Trajectory-wise MCL for Dynamics Generalization

  • 1. Trajectory-wise Multiple Choice Learning for Dynamics Generalization in Reinforcement Learning Younggyo Seo1 *, Kimin Lee2 *, Ignasi Clavera2 , Thanard Kurutach2 , Jinwoo Shin1 and Pieter Abbeel2 KAIST1 , UC Berkeley2 *Equal Contribution https://sites.google.com/view/trajectory-mcl
  • 2. Problem: Dynamics Generalization ● Model-based RL suffers from dynamics generalization problem Evaluation Training Deployment
  • 3. Problem: Dynamics Generalization ● Multi-modal distribution of transition dynamics
  • 4. Main Components ● Main idea: explicitly approximate the multi-modal distribution ● Multi-headed dynamics model Approximates multi-modal distribution by learning specialized prediction heads
  • 5. Main Components ● Main idea: explicitly approximate the multi-modal distribution ● Multi-headed dynamics model Approximates multi-modal distribution by learning specialized prediction heads ● Multiple choice learning (MCL) Update the most accurate prediction head for specialization
  • 6. Main Components ● Main idea: explicitly approximate the multi-modal distribution ● Multi-headed dynamics model Approximates multi-modal distribution by learning specialized prediction heads ● Multiple choice learning (MCL) Update the most accurate prediction head for specialization ● Adaptive planning Use the most accurate prediction head over a recent experience for planning
  • 7. Trajectory-wise Multiple Choice Learning ● For MCL, each prediction head should receive distinct training samples Transitions Which prediction head is most accurate over these transitions?

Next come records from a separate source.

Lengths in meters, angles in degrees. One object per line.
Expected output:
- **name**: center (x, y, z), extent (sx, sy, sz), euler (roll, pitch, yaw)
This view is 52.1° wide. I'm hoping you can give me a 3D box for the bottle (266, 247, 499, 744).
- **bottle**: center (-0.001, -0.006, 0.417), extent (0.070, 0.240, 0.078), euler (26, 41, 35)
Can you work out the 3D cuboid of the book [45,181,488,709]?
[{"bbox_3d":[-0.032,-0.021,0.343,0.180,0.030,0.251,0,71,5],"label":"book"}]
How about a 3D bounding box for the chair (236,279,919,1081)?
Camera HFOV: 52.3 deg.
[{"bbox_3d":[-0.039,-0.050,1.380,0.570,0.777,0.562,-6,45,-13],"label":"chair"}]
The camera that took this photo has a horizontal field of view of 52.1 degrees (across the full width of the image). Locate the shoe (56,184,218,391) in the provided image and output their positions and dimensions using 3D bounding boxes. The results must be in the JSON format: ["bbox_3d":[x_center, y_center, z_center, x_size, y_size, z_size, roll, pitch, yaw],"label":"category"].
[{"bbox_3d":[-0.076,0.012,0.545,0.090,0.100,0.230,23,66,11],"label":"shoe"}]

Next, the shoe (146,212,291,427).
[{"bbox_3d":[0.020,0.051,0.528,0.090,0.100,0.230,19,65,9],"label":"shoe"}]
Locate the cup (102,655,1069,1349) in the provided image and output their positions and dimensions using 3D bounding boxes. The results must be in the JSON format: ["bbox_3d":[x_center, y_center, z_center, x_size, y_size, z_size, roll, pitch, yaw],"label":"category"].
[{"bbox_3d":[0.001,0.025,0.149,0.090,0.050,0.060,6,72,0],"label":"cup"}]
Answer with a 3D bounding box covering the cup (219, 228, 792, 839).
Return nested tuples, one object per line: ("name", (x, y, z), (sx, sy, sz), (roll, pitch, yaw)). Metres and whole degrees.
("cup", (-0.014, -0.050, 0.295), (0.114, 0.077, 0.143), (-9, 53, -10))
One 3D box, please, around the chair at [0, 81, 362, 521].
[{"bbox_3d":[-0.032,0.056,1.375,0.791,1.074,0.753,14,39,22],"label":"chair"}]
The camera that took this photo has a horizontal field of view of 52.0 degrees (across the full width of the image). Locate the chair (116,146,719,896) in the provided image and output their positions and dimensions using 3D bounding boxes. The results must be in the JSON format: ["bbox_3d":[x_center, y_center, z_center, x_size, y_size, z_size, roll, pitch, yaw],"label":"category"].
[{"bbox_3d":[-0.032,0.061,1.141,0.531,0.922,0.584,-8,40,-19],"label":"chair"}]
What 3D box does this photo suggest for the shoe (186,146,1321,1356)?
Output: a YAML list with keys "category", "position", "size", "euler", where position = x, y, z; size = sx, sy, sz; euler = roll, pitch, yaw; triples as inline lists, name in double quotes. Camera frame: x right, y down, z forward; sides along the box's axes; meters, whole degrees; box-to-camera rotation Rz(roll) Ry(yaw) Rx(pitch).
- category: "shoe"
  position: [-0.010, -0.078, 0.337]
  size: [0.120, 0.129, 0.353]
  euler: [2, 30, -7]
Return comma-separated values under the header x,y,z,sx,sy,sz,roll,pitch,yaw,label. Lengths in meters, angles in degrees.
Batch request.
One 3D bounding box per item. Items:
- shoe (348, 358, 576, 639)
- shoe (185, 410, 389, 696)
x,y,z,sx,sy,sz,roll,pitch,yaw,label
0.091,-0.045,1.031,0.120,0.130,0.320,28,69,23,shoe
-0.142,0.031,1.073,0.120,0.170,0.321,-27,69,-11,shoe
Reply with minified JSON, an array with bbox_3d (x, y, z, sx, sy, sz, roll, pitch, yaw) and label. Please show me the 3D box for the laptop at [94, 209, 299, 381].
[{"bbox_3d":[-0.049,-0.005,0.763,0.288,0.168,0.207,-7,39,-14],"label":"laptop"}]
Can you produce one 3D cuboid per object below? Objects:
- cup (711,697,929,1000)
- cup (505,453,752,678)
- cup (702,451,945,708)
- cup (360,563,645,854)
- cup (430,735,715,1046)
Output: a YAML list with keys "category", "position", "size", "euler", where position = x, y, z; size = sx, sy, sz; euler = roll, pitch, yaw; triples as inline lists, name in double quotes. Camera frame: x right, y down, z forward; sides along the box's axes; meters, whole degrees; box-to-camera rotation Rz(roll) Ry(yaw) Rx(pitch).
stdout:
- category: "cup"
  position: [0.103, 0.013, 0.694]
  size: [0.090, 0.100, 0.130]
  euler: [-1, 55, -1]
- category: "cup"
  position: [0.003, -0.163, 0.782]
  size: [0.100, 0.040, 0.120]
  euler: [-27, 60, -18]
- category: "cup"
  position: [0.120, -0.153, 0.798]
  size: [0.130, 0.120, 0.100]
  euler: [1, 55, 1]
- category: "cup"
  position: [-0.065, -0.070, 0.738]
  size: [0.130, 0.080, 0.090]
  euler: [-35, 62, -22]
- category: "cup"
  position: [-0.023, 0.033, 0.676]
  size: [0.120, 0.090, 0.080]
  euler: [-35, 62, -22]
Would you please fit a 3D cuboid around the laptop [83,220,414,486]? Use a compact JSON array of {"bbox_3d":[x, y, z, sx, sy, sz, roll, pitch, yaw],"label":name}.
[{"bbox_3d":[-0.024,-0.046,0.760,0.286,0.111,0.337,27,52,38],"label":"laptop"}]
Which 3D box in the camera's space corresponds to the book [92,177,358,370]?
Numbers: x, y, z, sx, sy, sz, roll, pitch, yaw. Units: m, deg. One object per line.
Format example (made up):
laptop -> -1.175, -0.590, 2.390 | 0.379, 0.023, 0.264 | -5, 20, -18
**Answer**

  • 8. Trajectory-wise Multiple Choice Learning ● For MCL, each prediction head should receive distinct training samples Trajectory segment ● Trajectory-wise multiple choice learning Difference in dynamics is more distinctively captured by considering prediction error over trajectory segment
  • 9. Context-conditional Multi-headed Dynamics Model ● We also introduce context encoder for online adaptation to unseen environments ● Context encoder g captures contextual information from past experience ● See [Lee’20] for more information [Lee’20] Lee, Kimin, Younggyo Seo, Seunghyun Lee, Honglak Lee, Jinwoo Shin. "Context-aware Dynamics Model for Generalization in Model-Based Reinforcement Learning." In ICML. 2020.
  • 10. Analysis on Trajectory-wise MCL Transitions Trajectory segment ● Specialization leads to superior generalization performance Hopper
  • 11. Analysis on Adaptive Planning ● Qualitative analysis ○ Manually assign prediction heads specialized for [mass: 2.5] to [mass: 1.0] [Mass: 1.0] with prediction heads specialized for [Mass: 2.5] [Mass: 2.5] with prediction heads specialized for [Mass: 2.5] Agent acts as if it has a heavyweight body!
  • 12. Comparative Evaluation ● Superior generalization performance on unseen 6 environments
  • 13. Conclusion ● For dynamics generalization ○ Context-conditional multi-headed dynamics model ○ Trajectory-wise multiple choice learning ○ Adaptive planning Thank you!